Oct 10 (Reuters) - Diamondback Energy ( FANG ) on
Thursday signaled lower prices for its third-quarter oil and gas
production, making it the third U.S. shale producer to do so in
just a week.
Oil prices declined in the July-September quarter due to
concerns about global oil demand growth.
Meanwhile, U.S. natural gas prices have collapsed to
multi-year lows in 2024, with prices in the Waha hub
in West Texas turning negative a record number
of times.
Diamondback said average hedged realized prices for the
third-quarter oil production were $72.32 per barrel, down from
$78.55 in the second quarter.
The company realized 60 cents per thousand cubic feet (Mcf)
of natural gas sales after hedging in the three months ended
Sept. 30, compared with $1.03 per Mcf in the April-June period.
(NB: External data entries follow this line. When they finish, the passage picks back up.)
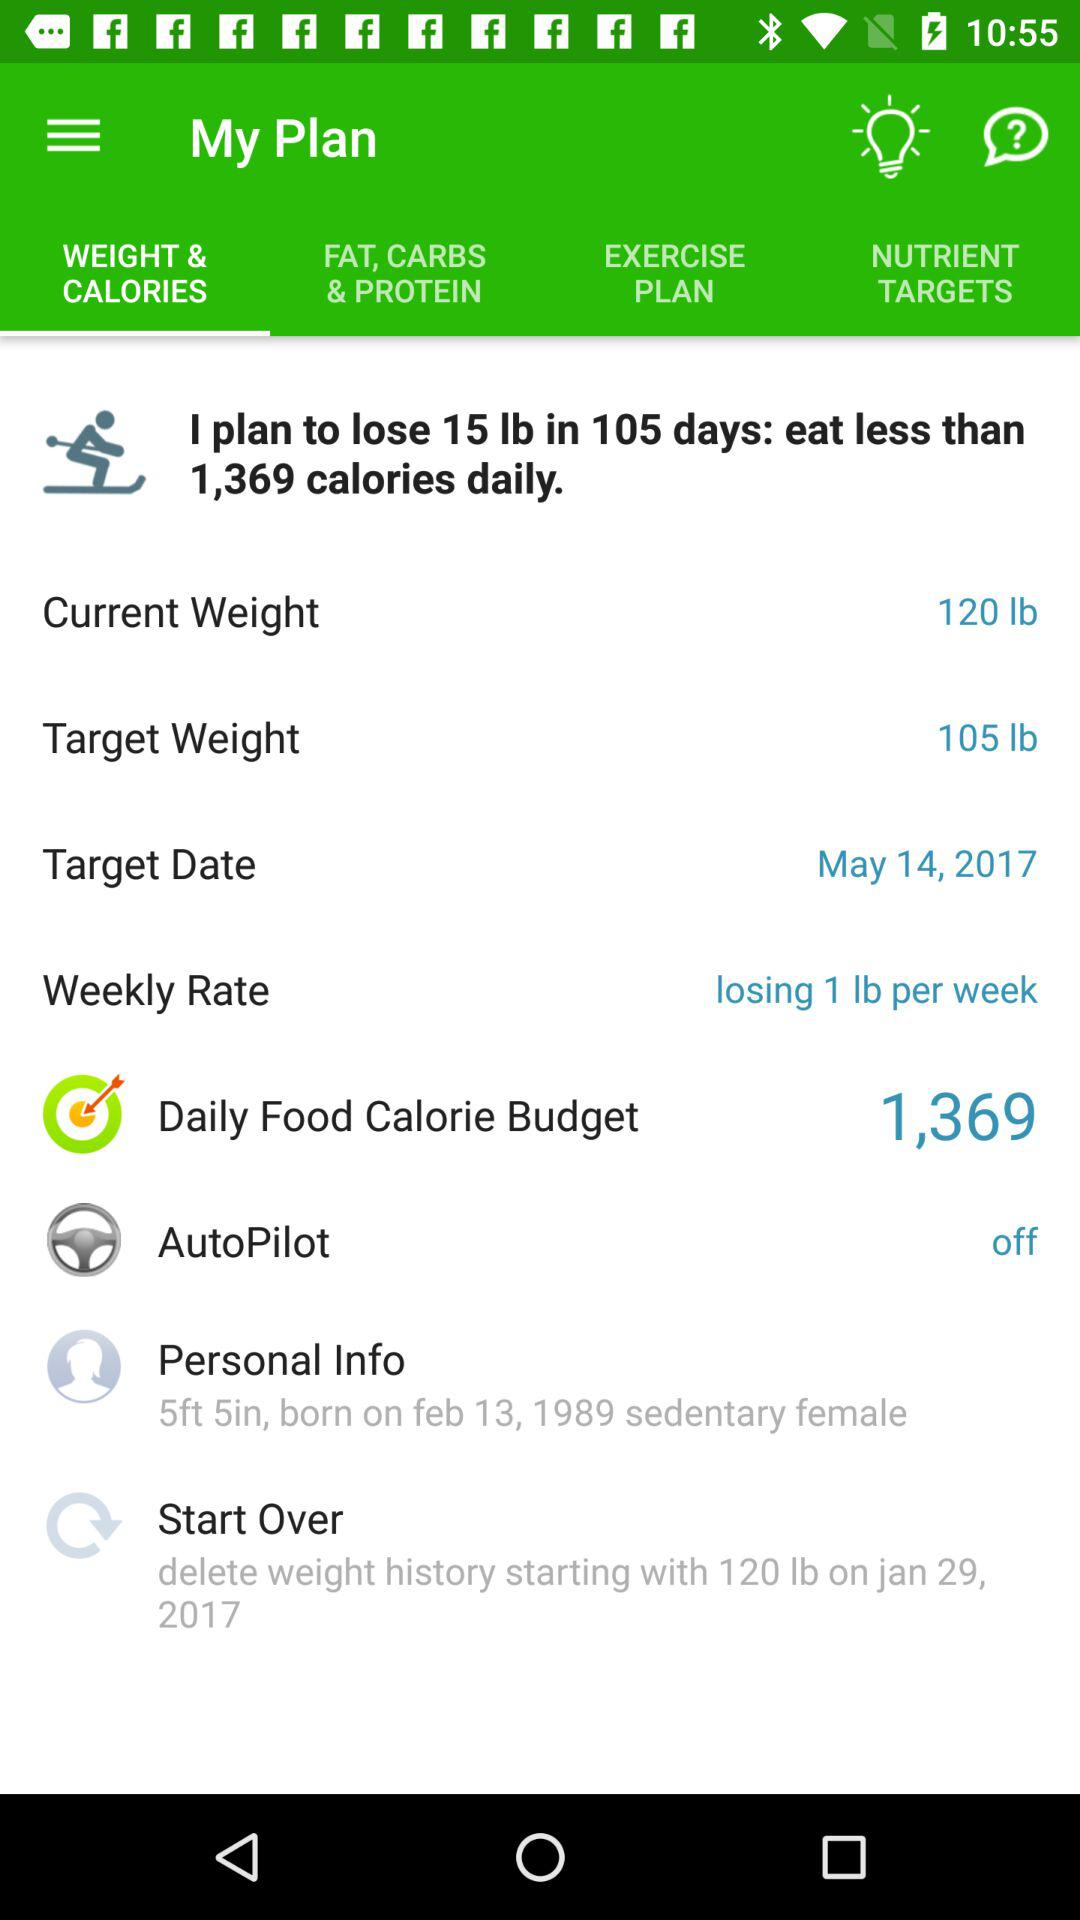What is the date of birth of the person? The date of birth of the person is February 13, 1989. 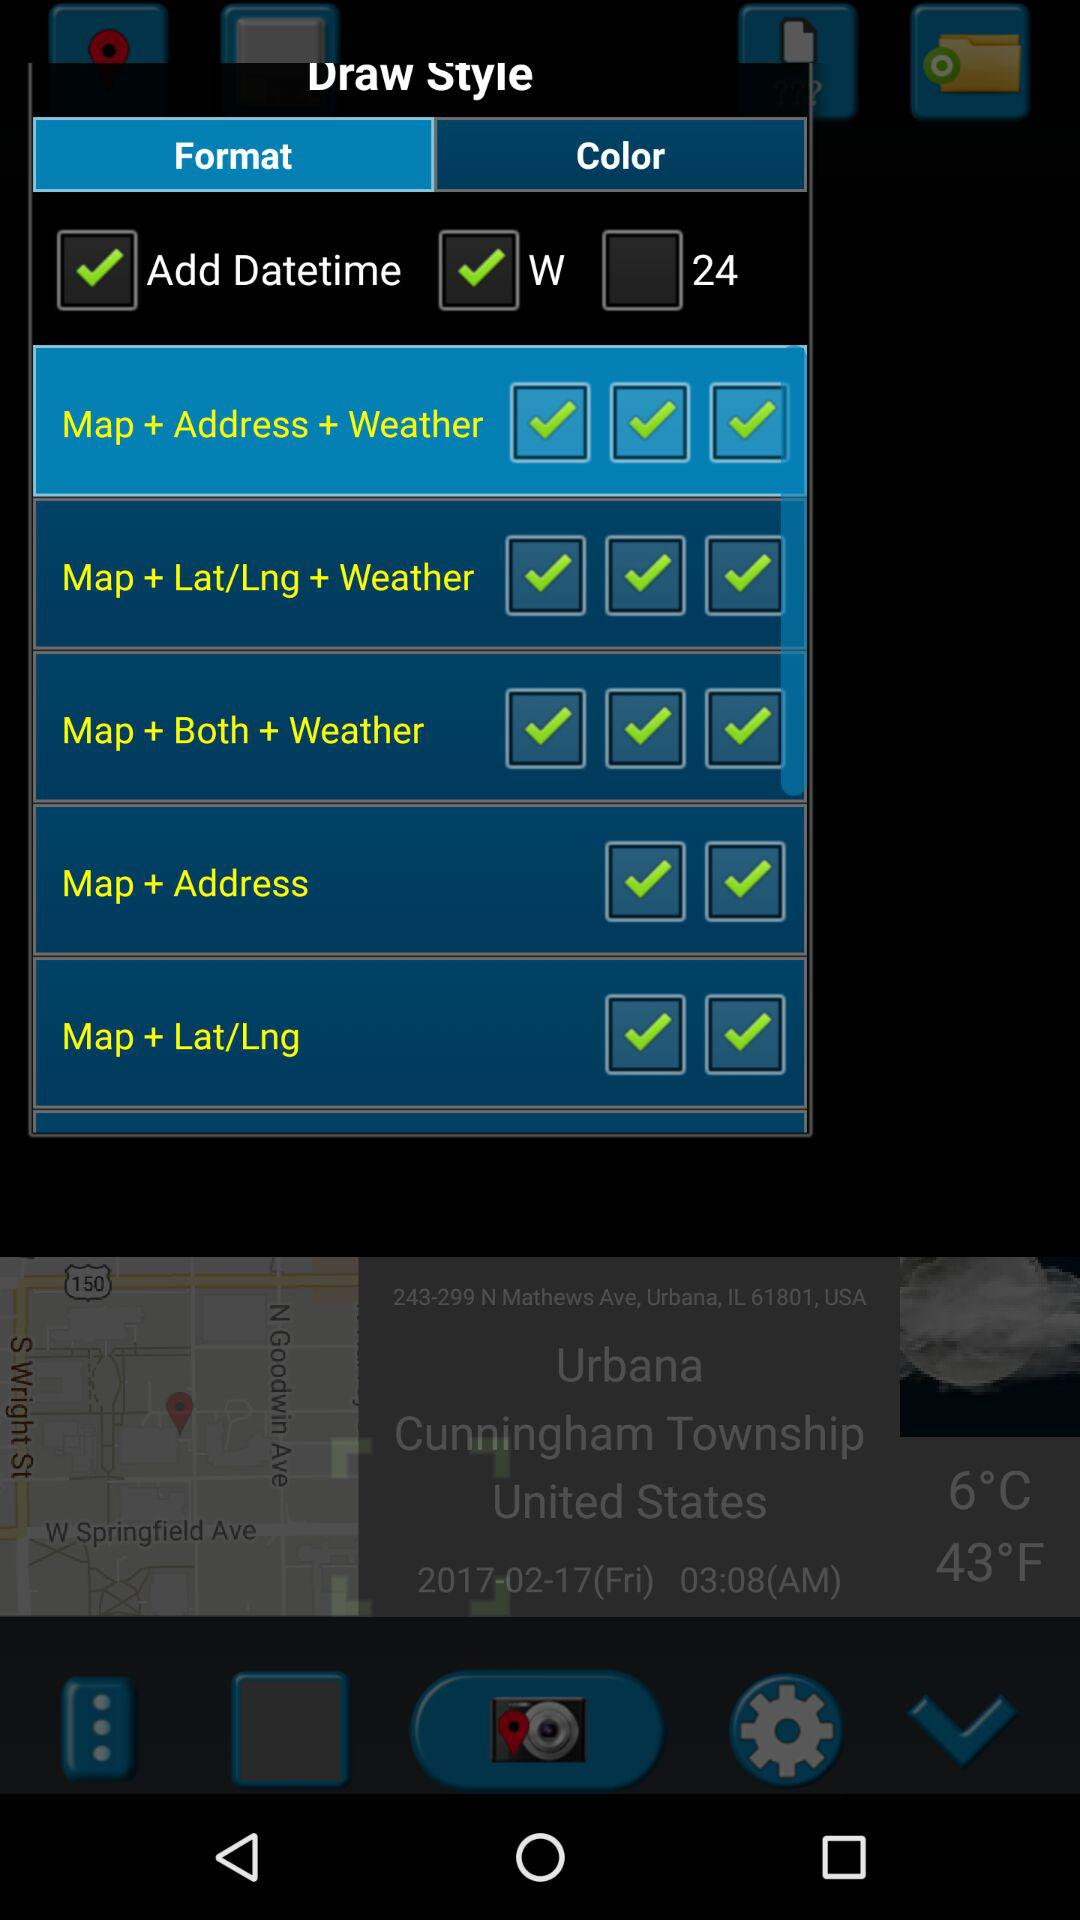What is the status of "Add Datetime"? The status is "on". 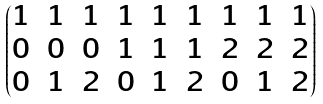<formula> <loc_0><loc_0><loc_500><loc_500>\begin{pmatrix} 1 & 1 & 1 & 1 & 1 & 1 & 1 & 1 & 1 \\ 0 & 0 & 0 & 1 & 1 & 1 & 2 & 2 & 2 \\ 0 & 1 & 2 & 0 & 1 & 2 & 0 & 1 & 2 \end{pmatrix}</formula>

However, it realized a loss of 26 cents Mcf of unhedged
natural gas sales during the third quarter.
Diamondback's warning comes just a day after Occidental
Petroleum ( OXY ) flagged lower prices for its production.
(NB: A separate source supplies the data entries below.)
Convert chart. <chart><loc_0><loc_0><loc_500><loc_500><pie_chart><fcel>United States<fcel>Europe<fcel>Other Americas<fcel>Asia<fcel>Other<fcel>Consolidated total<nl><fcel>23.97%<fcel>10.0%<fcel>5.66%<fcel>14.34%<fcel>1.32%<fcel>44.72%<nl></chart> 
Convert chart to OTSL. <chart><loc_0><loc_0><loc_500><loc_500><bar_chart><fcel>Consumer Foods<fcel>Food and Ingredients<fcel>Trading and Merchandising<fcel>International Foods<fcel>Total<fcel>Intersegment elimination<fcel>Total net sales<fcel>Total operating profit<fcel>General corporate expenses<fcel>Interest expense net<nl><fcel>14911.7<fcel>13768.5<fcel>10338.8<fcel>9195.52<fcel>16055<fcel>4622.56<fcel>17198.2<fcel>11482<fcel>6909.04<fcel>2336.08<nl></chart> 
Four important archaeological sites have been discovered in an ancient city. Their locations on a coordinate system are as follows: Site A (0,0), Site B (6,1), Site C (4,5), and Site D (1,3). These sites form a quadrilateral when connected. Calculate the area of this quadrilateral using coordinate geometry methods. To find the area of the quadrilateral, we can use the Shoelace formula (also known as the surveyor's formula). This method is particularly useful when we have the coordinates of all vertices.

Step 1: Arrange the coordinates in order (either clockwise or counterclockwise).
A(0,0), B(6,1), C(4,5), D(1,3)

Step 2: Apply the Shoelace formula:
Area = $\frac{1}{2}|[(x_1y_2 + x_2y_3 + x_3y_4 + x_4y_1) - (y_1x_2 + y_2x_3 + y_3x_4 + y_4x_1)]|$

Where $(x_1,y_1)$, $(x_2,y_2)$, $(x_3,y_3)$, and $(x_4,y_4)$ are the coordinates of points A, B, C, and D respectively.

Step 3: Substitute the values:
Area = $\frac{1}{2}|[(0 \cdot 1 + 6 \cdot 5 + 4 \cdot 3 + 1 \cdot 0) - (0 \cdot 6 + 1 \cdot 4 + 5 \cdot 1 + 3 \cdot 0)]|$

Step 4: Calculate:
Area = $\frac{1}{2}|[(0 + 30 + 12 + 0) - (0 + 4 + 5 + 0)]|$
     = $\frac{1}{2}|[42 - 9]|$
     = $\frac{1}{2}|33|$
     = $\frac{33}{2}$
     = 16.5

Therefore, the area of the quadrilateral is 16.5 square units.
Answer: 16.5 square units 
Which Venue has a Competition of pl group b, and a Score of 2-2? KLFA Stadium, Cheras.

Industry bellwether Exxon Mobil ( XOM ) warned last week that it
could take a hit of up to $1 billion to its upstream profits.
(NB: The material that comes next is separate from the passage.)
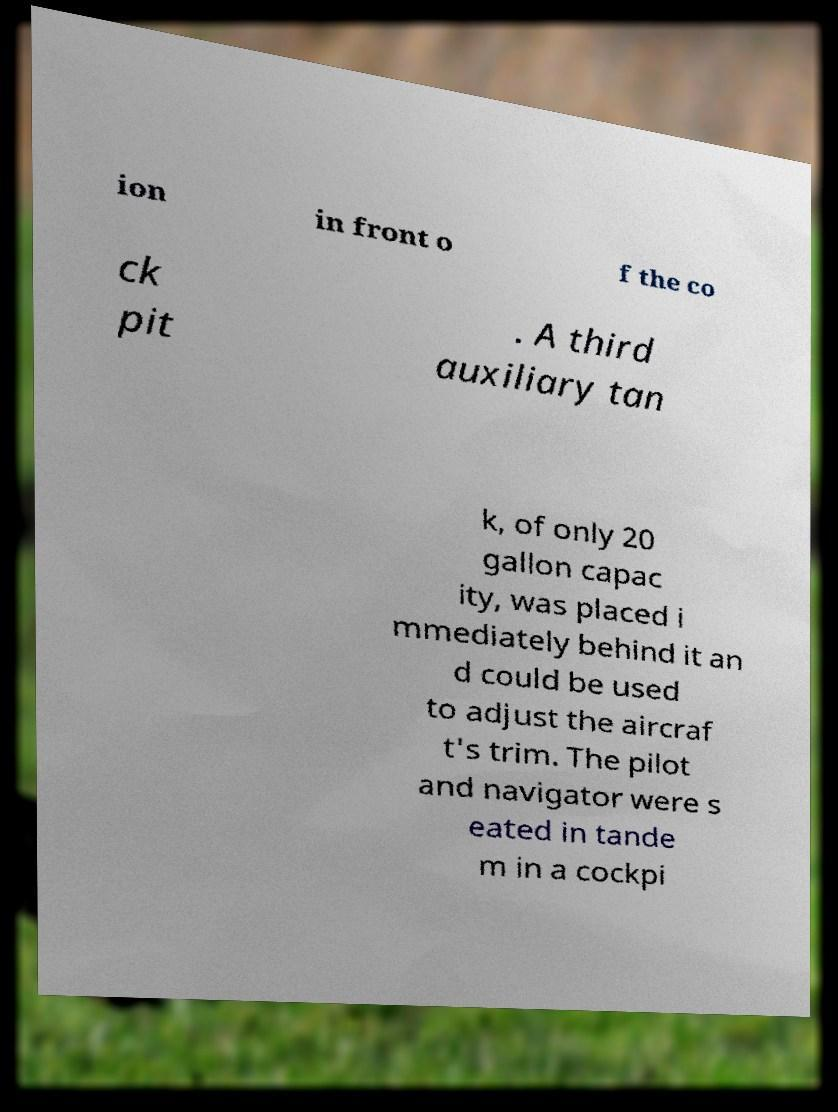I need the written content from this picture converted into text. Can you do that? ion in front o f the co ck pit . A third auxiliary tan k, of only 20 gallon capac ity, was placed i mmediately behind it an d could be used to adjust the aircraf t's trim. The pilot and navigator were s eated in tande m in a cockpi 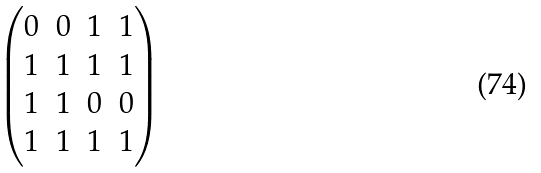Convert formula to latex. <formula><loc_0><loc_0><loc_500><loc_500>\begin{pmatrix} 0 & 0 & 1 & 1 \\ 1 & 1 & 1 & 1 \\ 1 & 1 & 0 & 0 \\ 1 & 1 & 1 & 1 \end{pmatrix}</formula>

The company reported a non-cash gain of $135 million from
derivatives during the third quarter, compared with a non-cash
gain of $46 million in the prior quarter.
Earlier this month, Diamondback had raised its third-quarter
production forecast to reflect the $26 billion acquisition of
Endeavor Energy.
It expects to produce between 565,000 to 569,000 barrels of
oil equivalent per day in the quarter.